The problem:
Among the entries below, tally each line in which the word "graph" is found, then state the tally alone.

Material provided:

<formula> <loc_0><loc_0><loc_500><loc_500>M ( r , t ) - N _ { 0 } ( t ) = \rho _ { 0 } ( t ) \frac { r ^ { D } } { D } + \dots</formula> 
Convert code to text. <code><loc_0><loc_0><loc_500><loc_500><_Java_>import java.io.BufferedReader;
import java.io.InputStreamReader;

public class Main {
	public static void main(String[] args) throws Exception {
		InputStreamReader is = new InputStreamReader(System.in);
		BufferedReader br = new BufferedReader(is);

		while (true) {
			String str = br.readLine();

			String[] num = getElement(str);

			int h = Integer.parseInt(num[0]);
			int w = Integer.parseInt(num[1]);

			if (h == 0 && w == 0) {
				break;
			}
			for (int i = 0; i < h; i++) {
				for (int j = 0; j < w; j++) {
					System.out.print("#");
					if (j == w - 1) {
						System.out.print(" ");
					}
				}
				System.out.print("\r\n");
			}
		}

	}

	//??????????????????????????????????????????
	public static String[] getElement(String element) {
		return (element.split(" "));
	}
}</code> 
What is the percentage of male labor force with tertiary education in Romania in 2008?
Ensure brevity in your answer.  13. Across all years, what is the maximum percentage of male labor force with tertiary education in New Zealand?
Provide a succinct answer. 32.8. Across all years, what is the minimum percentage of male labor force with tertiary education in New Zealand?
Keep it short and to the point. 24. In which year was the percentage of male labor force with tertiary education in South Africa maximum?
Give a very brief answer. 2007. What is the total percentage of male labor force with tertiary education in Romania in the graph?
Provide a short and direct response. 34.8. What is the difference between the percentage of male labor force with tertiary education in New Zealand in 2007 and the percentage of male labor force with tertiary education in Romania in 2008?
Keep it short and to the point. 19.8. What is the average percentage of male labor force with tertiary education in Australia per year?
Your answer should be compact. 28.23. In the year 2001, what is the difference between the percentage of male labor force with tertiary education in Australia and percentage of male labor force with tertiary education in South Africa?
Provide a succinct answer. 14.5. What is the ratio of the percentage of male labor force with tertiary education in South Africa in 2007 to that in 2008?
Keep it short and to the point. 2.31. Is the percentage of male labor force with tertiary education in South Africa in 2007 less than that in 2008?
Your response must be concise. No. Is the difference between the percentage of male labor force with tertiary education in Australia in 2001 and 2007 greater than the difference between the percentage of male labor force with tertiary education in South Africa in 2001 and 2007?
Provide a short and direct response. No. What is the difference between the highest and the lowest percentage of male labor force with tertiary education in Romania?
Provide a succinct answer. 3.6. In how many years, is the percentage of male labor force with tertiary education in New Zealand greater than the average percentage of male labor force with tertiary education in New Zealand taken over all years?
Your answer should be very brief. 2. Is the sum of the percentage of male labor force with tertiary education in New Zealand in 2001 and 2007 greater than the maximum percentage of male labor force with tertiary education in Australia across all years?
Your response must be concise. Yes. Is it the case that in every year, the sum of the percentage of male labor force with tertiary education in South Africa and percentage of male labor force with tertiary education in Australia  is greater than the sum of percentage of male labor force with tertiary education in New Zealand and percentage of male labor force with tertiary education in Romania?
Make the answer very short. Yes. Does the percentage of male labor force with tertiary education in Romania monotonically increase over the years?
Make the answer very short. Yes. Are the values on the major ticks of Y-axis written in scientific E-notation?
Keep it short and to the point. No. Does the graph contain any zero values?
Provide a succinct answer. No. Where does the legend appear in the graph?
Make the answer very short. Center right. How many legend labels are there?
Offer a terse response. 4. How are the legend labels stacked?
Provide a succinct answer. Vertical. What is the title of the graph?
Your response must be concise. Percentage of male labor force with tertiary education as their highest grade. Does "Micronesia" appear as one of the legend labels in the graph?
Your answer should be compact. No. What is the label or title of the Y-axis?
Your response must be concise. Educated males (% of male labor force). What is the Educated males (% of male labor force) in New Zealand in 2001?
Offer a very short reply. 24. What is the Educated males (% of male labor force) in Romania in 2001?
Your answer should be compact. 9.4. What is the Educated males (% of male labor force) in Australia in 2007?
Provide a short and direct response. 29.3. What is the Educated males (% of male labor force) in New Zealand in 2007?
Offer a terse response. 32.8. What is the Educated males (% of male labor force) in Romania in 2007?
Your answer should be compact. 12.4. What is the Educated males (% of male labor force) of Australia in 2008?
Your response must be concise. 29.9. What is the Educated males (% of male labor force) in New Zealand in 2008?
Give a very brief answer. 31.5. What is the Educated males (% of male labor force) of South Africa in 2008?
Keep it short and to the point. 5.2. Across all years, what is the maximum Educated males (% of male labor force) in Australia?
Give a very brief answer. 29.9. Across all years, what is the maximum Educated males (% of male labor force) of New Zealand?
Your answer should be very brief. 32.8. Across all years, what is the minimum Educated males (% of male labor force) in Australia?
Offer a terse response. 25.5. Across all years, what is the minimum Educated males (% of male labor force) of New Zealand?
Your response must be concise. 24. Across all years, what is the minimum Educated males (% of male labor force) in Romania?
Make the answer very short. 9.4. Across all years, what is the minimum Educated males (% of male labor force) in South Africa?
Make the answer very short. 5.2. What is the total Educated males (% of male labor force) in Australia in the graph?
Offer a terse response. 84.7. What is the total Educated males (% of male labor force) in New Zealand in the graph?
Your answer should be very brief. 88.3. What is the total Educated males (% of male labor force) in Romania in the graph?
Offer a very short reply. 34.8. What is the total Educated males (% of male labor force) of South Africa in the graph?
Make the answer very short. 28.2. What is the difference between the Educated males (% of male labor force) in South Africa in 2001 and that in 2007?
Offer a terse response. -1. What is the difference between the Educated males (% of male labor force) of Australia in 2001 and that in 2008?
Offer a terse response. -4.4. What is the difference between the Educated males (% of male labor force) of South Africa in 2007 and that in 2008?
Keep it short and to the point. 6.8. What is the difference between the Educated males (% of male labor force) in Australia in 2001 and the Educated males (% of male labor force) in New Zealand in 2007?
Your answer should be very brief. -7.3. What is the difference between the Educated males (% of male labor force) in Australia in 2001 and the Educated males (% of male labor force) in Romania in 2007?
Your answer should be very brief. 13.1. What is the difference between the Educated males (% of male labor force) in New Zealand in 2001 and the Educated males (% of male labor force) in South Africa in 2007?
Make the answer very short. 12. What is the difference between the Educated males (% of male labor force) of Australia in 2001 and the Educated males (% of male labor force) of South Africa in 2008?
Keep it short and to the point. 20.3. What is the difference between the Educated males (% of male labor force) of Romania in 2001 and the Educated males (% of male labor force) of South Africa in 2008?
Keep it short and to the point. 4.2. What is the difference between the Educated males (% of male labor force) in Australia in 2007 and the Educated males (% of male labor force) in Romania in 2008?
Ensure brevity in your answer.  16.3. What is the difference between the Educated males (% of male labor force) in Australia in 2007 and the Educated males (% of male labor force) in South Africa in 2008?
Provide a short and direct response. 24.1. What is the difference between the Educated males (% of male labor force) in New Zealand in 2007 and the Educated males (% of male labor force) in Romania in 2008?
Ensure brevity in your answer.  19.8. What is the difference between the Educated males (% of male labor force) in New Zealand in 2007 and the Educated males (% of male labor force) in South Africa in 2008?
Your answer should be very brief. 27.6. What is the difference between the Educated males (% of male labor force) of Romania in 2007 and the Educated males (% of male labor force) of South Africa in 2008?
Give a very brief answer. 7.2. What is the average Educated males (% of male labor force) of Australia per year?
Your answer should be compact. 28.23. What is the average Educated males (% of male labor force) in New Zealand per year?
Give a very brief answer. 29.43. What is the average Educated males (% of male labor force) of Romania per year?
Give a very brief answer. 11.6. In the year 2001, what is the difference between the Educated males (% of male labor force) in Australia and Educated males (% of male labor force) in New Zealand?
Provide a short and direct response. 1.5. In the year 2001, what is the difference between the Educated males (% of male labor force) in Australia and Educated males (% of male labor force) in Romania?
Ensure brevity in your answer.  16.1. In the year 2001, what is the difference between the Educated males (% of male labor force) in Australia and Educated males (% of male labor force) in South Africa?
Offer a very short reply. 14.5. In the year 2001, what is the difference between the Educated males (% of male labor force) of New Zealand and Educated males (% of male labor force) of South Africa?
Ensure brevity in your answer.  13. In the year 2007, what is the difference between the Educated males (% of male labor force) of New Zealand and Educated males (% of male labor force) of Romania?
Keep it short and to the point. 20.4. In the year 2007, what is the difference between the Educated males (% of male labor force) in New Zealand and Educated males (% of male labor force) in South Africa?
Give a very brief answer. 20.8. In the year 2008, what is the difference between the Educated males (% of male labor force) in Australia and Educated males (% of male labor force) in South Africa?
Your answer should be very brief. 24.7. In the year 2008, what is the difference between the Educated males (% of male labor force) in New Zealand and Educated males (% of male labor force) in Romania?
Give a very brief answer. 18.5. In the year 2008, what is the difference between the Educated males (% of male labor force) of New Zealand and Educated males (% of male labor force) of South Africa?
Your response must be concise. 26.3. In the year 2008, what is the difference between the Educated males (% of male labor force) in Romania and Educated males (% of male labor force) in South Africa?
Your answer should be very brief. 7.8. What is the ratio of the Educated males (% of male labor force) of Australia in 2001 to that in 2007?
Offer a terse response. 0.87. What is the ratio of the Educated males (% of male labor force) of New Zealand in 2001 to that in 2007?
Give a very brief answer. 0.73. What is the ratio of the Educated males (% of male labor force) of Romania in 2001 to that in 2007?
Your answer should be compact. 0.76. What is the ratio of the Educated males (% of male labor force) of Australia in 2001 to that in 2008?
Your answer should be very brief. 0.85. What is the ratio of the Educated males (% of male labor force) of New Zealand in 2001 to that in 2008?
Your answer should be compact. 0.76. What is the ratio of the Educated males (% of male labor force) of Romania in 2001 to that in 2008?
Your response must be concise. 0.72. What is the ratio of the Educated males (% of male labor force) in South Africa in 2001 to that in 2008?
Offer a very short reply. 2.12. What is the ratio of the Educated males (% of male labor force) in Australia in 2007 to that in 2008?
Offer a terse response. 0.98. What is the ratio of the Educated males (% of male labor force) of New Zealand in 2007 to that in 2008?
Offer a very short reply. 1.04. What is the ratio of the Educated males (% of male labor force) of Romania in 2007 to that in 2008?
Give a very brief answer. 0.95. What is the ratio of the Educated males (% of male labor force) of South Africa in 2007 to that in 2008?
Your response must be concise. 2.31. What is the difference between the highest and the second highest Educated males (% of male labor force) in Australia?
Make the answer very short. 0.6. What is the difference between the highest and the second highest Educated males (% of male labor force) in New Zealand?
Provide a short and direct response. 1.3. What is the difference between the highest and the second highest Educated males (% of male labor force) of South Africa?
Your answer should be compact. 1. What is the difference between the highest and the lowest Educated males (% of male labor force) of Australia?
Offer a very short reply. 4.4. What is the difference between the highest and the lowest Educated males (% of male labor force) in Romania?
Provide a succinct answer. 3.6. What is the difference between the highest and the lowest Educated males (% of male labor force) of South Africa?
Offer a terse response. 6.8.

Solved problem:
9